Two islands of the Great Salt Lake are located within the three counties. Antelope Island, the largest of the two, is located in Davis County. It is a north-south trending island 15 miles long, and three to four-miles wide. Its maximum elevation is 6400 feet rising some 2200 feet above the surface of the lake. Several small, ephemeral streams and some small springs are located in the bottoms of its shallow canyons.
Fremont Island, named in honor of Captain John C. Fremont, is located in Weber County. It trends northwest-southeast and is three-fourths-mile long and one-fourth-mile wide. Its maximum elevation is 4995 feet. The island has no streams and only one small spring.
Both islands probably originated as uplifted blacks (horsts) during the same time as the present Wasatch Range and the Eastern Highlands were formed.
Antelope Island consists of older Precambrian metamorphic and igneous rocks and late Precambrian to Paleozoic sedimentary rocks mantled locally by a thin layer of Quarternary lake deposits, colluvium and alluvium. Fremont Island consists only of late Precambrian sedimentary rocks with a thin cover of Quaternary lake deposits.
The area is broadly defined as semi-arid. However, due to great differences in elevation and exposure, considerable variation in mean annual precipitation is found ranging from a semi-arid condition of six inches or less on the islands of the Great Salt Lake to a sub-humid climate of 45 inches along the tops of the Wasatch Mountains.
In general, seasons are characterized by a wet spring (March to May), warm-to-hot, dry summer (June to August), cool, dry autumn (September to November), and cold, snowy winter (December to February).

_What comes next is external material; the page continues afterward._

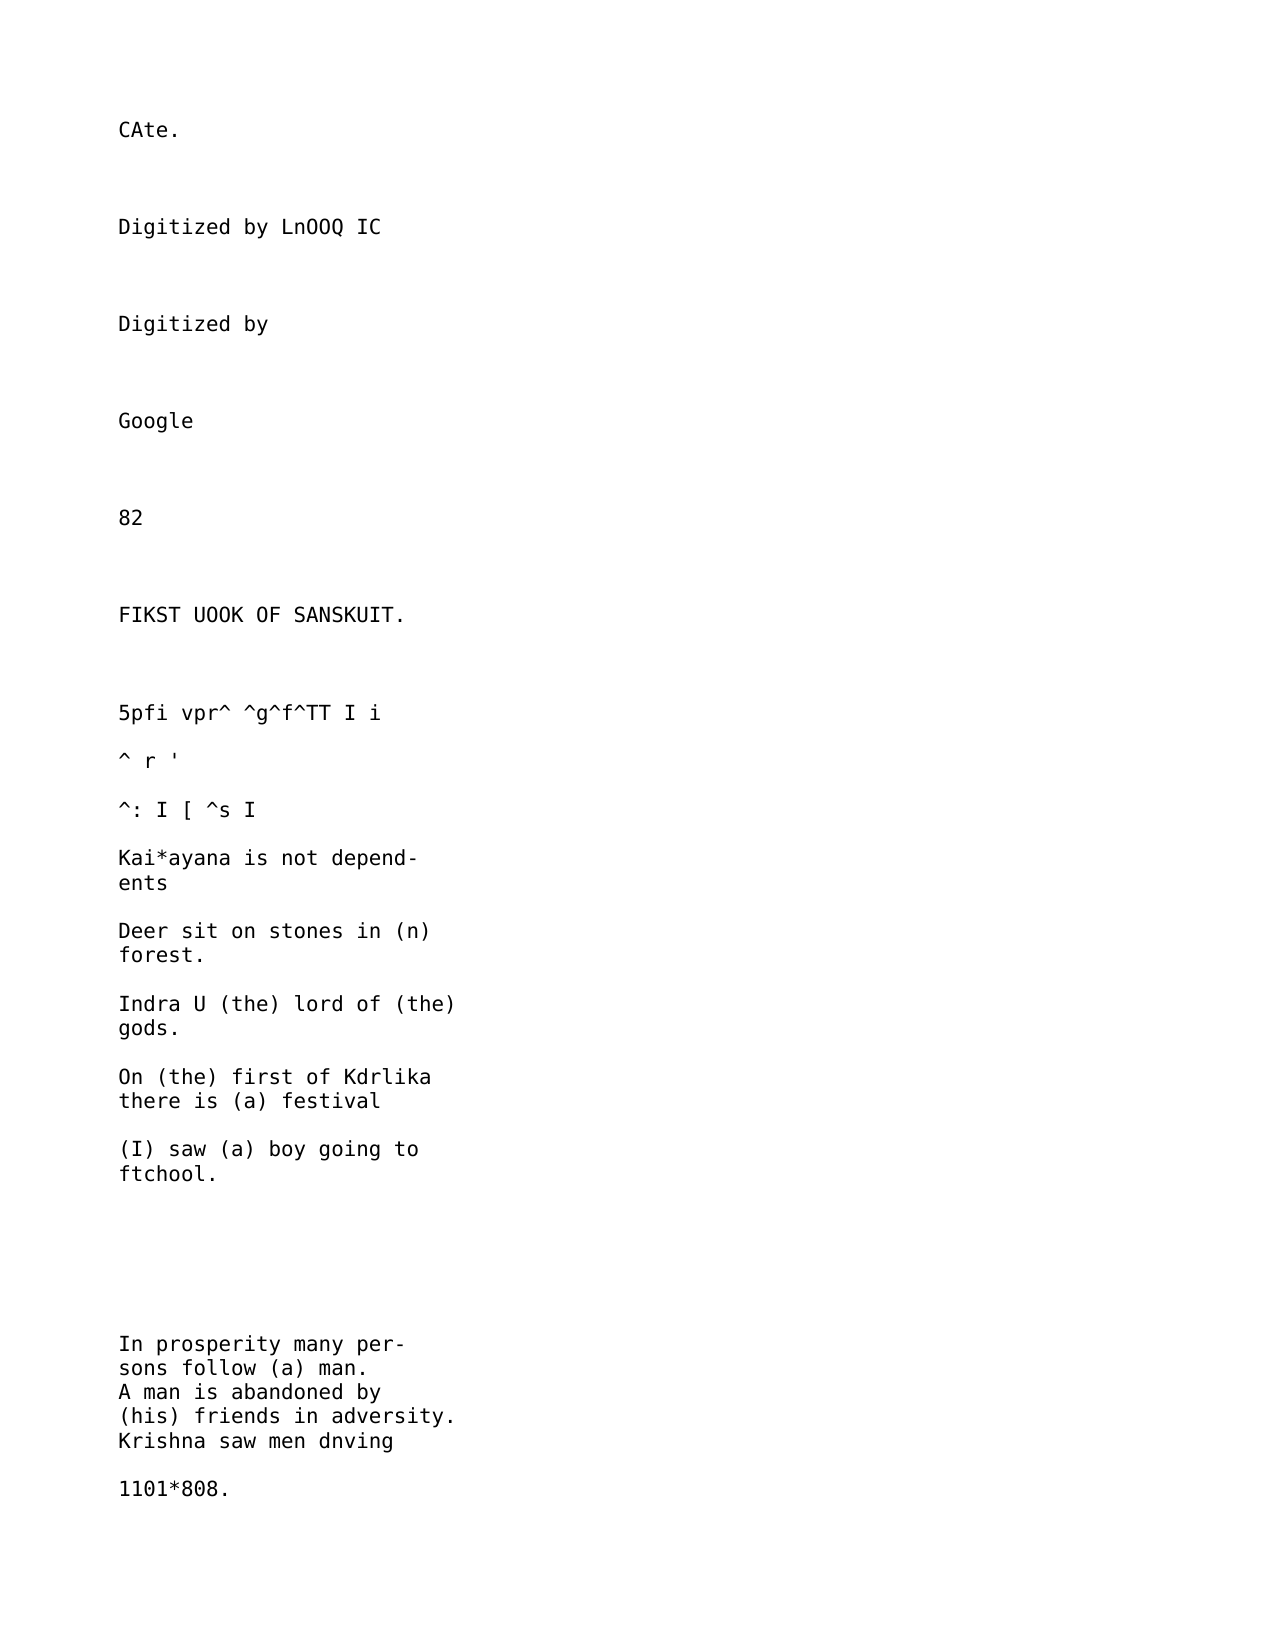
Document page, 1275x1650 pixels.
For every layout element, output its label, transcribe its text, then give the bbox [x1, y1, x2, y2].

Summer storms in the low valleys are infrequent while storms of short duration and high intensity are common in the mountains. The greatest recorded storm intensity in Farmington Canyon was 2.04 inches per hour. These summer storms are usually a product of convective thunderstorms although some originate when weak cold fronts moving eastward from the Pacific lift the warm, moist air that has come into our area from the Gulf of Mexico. Prevailing winds are from the south and southwest.
Winter storms generally originate with strong frontal systems moving in from the Pacific Northwest and account for 80 percent of the precipitation with most of this falling as snow at elevations above 7000 feet. Snow records from Farmington Canyon show an average depth of snow pack at 7600 feet elevation of 53.3 inches with a water content of 18.6 inches. Snow depths of 18 feet or more in drifts along the mountain tops are common.
Smaller climatic differences such as those found on north-or south-facing slopes of ridges or canyons, particularly if they are steep, are also important. South-facing slopes have greater insulation, higher ground temperature and drier soils. Air temperatures are generally cooler in the canyon bottoms and on the north-facing slopes, while relative humidity is quite variable.
Moisture content of the snow pack is also quite variable. In general south-facing slopes and areas covered by heavy stands of conifers have a greater percentage of moisture per unit of snow depth than those open areas on north-facing slopes. These small, local climatic differences greatly influence the distribution of plants and communities within the study area.